When you copy the entries, keep every word exactly as it stands.

▶ **SOURCE DATA**
<<<<

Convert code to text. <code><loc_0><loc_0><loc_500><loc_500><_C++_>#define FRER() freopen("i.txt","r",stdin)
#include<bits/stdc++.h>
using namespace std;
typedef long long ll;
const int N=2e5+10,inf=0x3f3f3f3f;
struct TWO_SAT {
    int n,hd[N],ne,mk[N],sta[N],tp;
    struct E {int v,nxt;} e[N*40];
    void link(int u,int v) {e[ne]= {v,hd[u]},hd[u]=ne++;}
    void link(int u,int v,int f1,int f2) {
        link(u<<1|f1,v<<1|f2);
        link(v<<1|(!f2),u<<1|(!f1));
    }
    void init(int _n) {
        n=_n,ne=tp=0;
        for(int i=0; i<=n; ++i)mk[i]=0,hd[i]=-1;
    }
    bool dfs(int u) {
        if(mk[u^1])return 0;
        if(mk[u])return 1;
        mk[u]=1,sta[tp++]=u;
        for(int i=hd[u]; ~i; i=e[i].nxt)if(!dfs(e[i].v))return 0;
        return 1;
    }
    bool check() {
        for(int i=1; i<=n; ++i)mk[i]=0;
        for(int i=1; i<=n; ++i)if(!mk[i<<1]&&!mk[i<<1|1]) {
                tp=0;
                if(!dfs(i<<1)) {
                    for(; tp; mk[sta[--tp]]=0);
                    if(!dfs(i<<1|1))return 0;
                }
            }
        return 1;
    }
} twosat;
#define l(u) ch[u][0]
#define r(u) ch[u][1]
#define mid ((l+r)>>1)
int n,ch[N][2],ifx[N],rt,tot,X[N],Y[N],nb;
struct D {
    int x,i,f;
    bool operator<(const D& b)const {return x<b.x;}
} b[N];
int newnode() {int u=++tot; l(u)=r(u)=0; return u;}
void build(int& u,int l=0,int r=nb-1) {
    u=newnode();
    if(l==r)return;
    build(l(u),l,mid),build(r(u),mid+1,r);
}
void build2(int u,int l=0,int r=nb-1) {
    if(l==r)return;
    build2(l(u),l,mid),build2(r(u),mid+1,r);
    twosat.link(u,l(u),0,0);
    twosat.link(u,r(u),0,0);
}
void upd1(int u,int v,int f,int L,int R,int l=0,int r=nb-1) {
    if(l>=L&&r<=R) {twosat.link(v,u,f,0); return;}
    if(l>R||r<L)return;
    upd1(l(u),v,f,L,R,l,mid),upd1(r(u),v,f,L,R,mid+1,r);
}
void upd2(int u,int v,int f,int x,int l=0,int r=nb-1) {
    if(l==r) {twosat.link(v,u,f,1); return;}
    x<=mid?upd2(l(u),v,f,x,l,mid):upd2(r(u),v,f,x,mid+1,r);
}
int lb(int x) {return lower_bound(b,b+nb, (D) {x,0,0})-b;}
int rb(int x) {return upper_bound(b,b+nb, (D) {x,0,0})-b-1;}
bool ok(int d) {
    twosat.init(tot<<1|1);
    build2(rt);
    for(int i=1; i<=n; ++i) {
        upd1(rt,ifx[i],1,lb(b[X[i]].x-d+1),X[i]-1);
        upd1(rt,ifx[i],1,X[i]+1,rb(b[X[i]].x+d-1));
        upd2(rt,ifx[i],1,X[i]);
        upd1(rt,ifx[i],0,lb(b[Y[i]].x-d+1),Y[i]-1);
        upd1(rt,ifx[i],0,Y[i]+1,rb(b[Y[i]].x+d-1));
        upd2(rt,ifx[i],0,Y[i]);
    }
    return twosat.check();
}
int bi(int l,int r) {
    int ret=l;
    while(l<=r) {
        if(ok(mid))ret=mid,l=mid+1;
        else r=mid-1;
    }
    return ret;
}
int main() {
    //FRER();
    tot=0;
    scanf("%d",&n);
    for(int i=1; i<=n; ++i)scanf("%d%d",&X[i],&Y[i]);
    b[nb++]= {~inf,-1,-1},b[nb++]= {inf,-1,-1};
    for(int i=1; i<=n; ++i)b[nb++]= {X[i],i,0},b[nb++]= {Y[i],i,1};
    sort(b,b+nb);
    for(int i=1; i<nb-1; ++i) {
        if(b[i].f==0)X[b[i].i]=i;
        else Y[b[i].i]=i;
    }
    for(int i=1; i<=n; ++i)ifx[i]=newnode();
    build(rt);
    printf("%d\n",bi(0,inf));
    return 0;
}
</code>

>>>>

▶ **EXERCISE ANSWER**
Convert code to text. <code><loc_0><loc_0><loc_500><loc_500><_C++_>#define FRER() freopen("i.txt","r",stdin)
#include<bits/stdc++.h>
using namespace std;
typedef long long ll;
const int N=2e5+10,inf=0x3f3f3f3f;
struct TWO_SAT {
    int n,hd[N],ne,mk[N],sta[N],tp;
    struct E {int v,nxt;} e[N*40];
    void link(int u,int v) {e[ne]= {v,hd[u]},hd[u]=ne++;}
    void link(int u,int v,int f1,int f2) {
        link(u<<1|f1,v<<1|f2);
        link(v<<1|(!f2),u<<1|(!f1));
    }
    void init(int _n) {
        n=_n,ne=tp=0;
        for(int i=0; i<=n; ++i)mk[i]=0,hd[i]=-1;
    }
    bool dfs(int u) {
        if(mk[u^1])return 0;
        if(mk[u])return 1;
        mk[u]=1,sta[tp++]=u;
        for(int i=hd[u]; ~i; i=e[i].nxt)if(!dfs(e[i].v))return 0;
        return 1;
    }
    bool check() {
        for(int i=1; i<=n; ++i)mk[i]=0;
        for(int i=1; i<=n; ++i)if(!mk[i<<1]&&!mk[i<<1|1]) {
                tp=0;
                if(!dfs(i<<1)) {
                    for(; tp; mk[sta[--tp]]=0);
                    if(!dfs(i<<1|1))return 0;
                }
            }
        return 1;
    }
} twosat;
#define l(u) ch[u][0]
#define r(u) ch[u][1]
#define mid ((l+r)>>1)
int n,ch[N][2],ifx[N],rt,tot,X[N],Y[N],nb;
struct D {
    int x,i,f;
    bool operator<(const D& b)const {return x<b.x;}
} b[N];
int newnode() {int u=++tot; l(u)=r(u)=0; return u;}
void build(int& u,int l=0,int r=nb-1) {
    u=newnode();
    if(l==r)return;
    build(l(u),l,mid),build(r(u),mid+1,r);
}
void build2(int u,int l=0,int r=nb-1) {
    if(l==r)return;
    build2(l(u),l,mid),build2(r(u),mid+1,r);
    twosat.link(u,l(u),0,0);
    twosat.link(u,r(u),0,0);
}
void upd1(int u,int v,int f,int L,int R,int l=0,int r=nb-1) {
    if(l>=L&&r<=R) {twosat.link(v,u,f,0); return;}
    if(l>R||r<L)return;
    upd1(l(u),v,f,L,R,l,mid),upd1(r(u),v,f,L,R,mid+1,r);
}
void upd2(int u,int v,int f,int x,int l=0,int r=nb-1) {
    if(l==r) {twosat.link(v,u,f,1); return;}
    x<=mid?upd2(l(u),v,f,x,l,mid):upd2(r(u),v,f,x,mid+1,r);
}
int lb(int x) {return lower_bound(b,b+nb, (D) {x,0,0})-b;}
int rb(int x) {return upper_bound(b,b+nb, (D) {x,0,0})-b-1;}
bool ok(int d) {
    twosat.init(tot<<1|1);
    build2(rt);
    for(int i=1; i<=n; ++i) {
        upd1(rt,ifx[i],1,lb(b[X[i]].x-d+1),X[i]-1);
        upd1(rt,ifx[i],1,X[i]+1,rb(b[X[i]].x+d-1));
        upd2(rt,ifx[i],1,X[i]);
        upd1(rt,ifx[i],0,lb(b[Y[i]].x-d+1),Y[i]-1);
        upd1(rt,ifx[i],0,Y[i]+1,rb(b[Y[i]].x+d-1));
        upd2(rt,ifx[i],0,Y[i]);
    }
    return twosat.check();
}
int bi(int l,int r) {
    int ret=l;
    while(l<=r) {
        if(ok(mid))ret=mid,l=mid+1;
        else r=mid-1;
    }
    return ret;
}
int main() {
    //FRER();
    tot=0;
    scanf("%d",&n);
    for(int i=1; i<=n; ++i)scanf("%d%d",&X[i],&Y[i]);
    b[nb++]= {~inf,-1,-1},b[nb++]= {inf,-1,-1};
    for(int i=1; i<=n; ++i)b[nb++]= {X[i],i,0},b[nb++]= {Y[i],i,1};
    sort(b,b+nb);
    for(int i=1; i<nb-1; ++i) {
        if(b[i].f==0)X[b[i].i]=i;
        else Y[b[i].i]=i;
    }
    for(int i=1; i<=n; ++i)ifx[i]=newnode();
    build(rt);
    printf("%d\n",bi(0,inf));
    return 0;
}
</code>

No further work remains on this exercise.